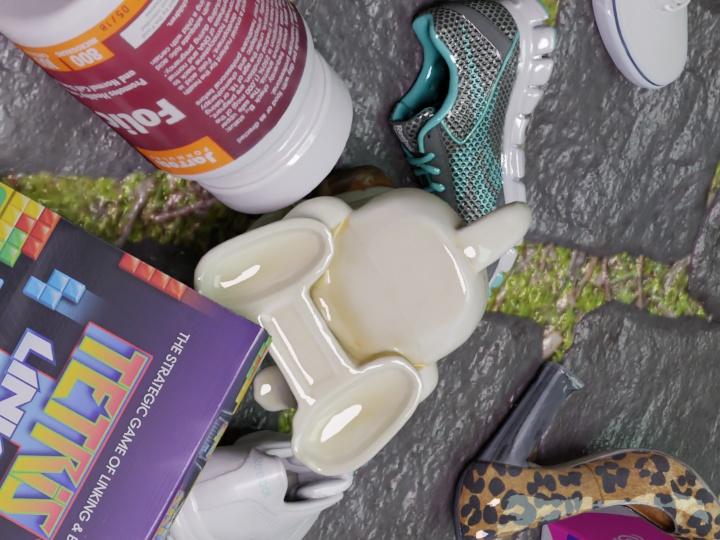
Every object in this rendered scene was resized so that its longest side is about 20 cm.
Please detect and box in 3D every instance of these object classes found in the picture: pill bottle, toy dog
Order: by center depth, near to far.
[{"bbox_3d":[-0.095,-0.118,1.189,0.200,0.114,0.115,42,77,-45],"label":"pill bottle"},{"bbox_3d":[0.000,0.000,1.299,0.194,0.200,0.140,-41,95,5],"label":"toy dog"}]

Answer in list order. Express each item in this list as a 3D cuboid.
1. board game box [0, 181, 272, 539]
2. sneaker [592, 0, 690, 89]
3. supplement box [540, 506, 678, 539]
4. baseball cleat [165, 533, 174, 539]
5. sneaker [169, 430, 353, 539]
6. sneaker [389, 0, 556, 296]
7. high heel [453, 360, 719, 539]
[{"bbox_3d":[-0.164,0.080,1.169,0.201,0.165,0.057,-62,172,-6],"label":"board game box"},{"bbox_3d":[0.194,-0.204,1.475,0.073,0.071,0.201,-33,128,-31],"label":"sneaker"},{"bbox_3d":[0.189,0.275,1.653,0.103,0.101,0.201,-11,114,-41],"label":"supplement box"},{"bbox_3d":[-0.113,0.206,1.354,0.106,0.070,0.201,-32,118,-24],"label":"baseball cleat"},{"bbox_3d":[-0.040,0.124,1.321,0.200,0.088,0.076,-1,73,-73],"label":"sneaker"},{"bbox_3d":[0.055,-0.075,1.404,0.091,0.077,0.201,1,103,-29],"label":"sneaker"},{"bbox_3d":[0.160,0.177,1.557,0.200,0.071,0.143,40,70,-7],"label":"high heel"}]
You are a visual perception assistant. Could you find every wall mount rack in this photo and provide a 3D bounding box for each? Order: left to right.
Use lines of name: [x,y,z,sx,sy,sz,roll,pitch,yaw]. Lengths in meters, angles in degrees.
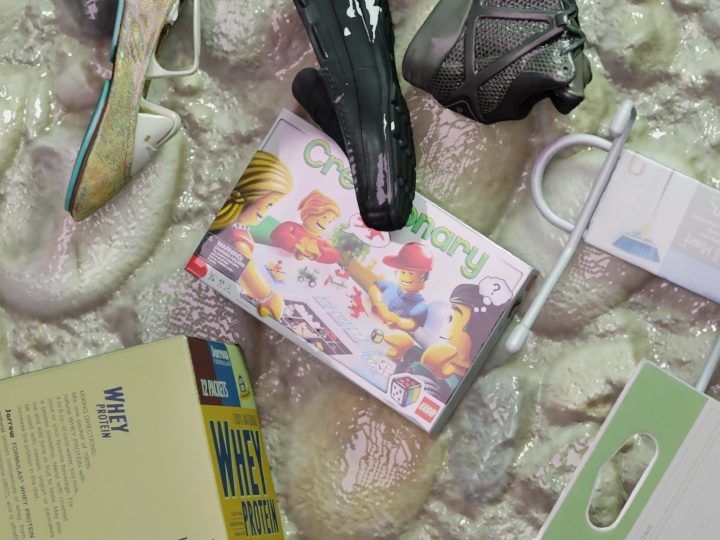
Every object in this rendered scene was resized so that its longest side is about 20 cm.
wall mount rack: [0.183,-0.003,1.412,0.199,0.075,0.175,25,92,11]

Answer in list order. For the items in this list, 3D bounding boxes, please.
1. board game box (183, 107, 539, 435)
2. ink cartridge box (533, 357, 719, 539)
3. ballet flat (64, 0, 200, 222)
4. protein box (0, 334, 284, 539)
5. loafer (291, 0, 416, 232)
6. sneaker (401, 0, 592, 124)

..............................

→ **REQUIREMENT**: Give back, exactly as written, the lines from the top of the material through the line with "Please detect and", ends included and pictures left aside.

→ **OUTPUT FOR THIS TASK**:
Every object in this rendered scene was resized so that its longest side is about 20 cm.
Please detect and box in 3D every instance of these object classes found in the picture: pill bottle, toy dog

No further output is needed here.